The implementation of this extension is quite simple, but also quite dangerous. The print() function is compiled to a modified version of the function that has an extra—hidden—argument, which is a pointer to the variables in the outer scope. That's pretty much how closures are implemented in any language, but there are some complications with C: The function pointer that is passed down to the visit() function doesn't have anywhere to store this hidden argument.

To get around this problem, the compiler generates some code that in turn generates a tiny function stub on the stack. The function stub contains a pointer to the on-stack address of the outer function's variables and then a small bit of code that loads this address and calls the real function.

The big security problem with this approach is that, because the stub is on the stack, it requires an executable stack. In theory, you could work around this hazard by using some malloc()'d memory and clean it up when the function returned, but I don't think anyone has tried it.

The other problem with this approach is that it only solves the so-called "downwards funarg problem": The pseudo-closure can be passed down the stack, but not up the stack.

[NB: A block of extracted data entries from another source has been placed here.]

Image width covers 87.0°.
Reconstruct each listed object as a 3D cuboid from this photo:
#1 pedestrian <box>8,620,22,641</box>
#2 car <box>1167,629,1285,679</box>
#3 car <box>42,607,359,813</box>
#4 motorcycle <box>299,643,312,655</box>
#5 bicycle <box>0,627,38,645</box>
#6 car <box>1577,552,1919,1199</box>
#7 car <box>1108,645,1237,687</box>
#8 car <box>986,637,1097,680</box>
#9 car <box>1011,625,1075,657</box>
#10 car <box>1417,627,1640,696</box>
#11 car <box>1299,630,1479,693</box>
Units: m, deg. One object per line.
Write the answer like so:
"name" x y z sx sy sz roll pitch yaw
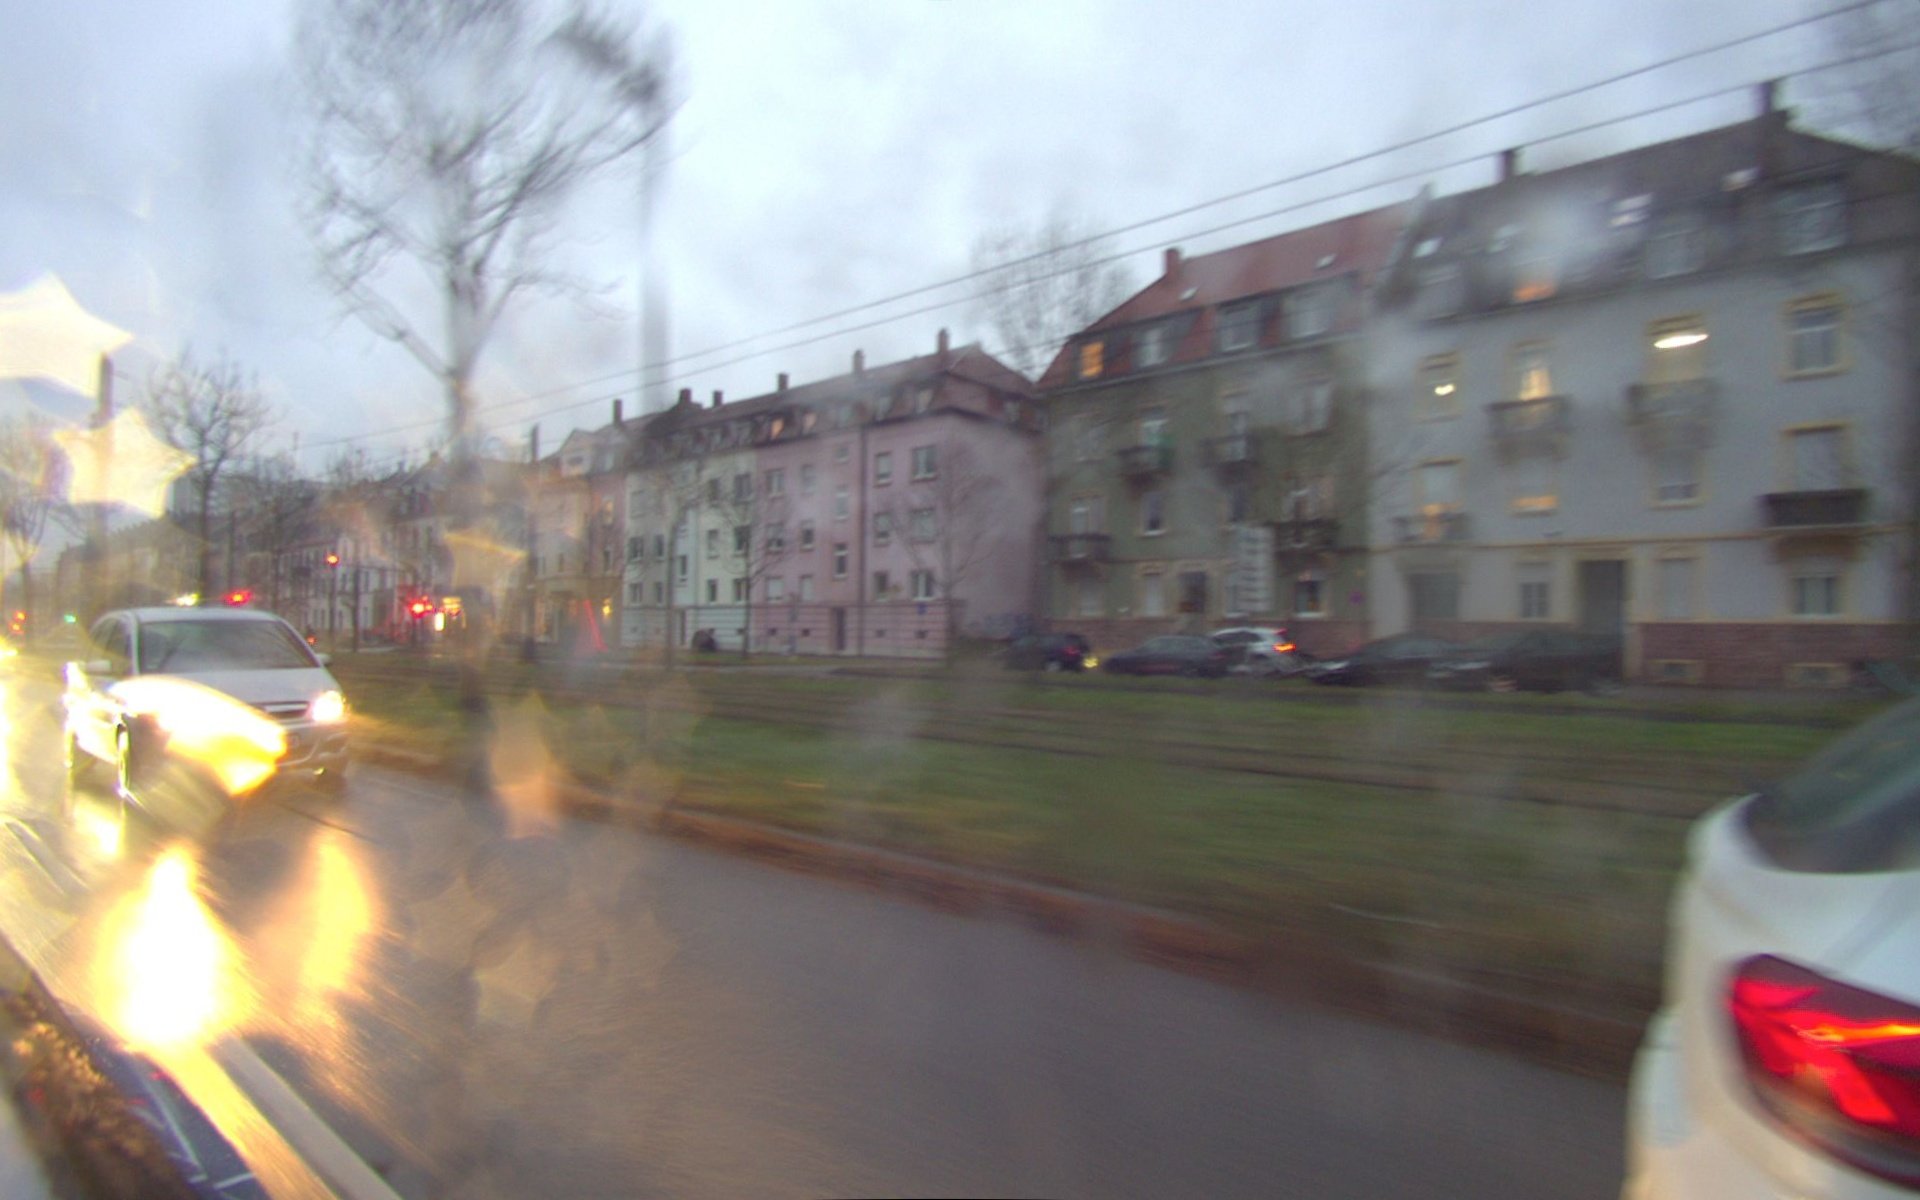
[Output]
"pedestrian" -52.901 1.681 56.650 0.583 1.165 0.555 -1 -1 45
"car" 9.090 1.813 34.678 3.537 1.563 1.662 -1 -1 41
"car" -7.248 0.856 9.517 3.905 1.531 1.617 -1 -1 41
"motorcycle" -38.846 2.905 60.064 0.416 0.688 1.177 0 -1 -42
"bicycle" -52.902 2.015 56.740 0.733 0.905 1.703 0 -4 41
"car" 2.707 0.676 0.387 3.999 1.485 1.671 -1 -1 41
"car" 6.737 2.059 32.300 3.894 1.177 1.218 -1 -1 38
"car" 2.862 2.053 36.106 3.911 1.350 1.449 -1 -1 44
"car" 4.363 2.105 52.928 1.611 1.555 3.317 -1 -1 42
"car" 13.400 1.414 23.923 4.586 1.443 1.698 -1 -1 -12
"car" 11.126 1.564 26.375 3.888 1.459 1.823 -1 0 -9

For example, you couldn't do something like this:

int(*)(void) getCounter()
{
    int c = 0;
    int counter(void)
    {
        return c++;
    }
    return counter;
}

If counter() were a true closure, you could return it and have each call to the getCounter() function return a new function that implemented a counter. With GCC nested functions, the first time you try to call the result of this function, you'll get some undefined behavior—a crash if you're lucky, overwriting some random bits of stack memory if you're not.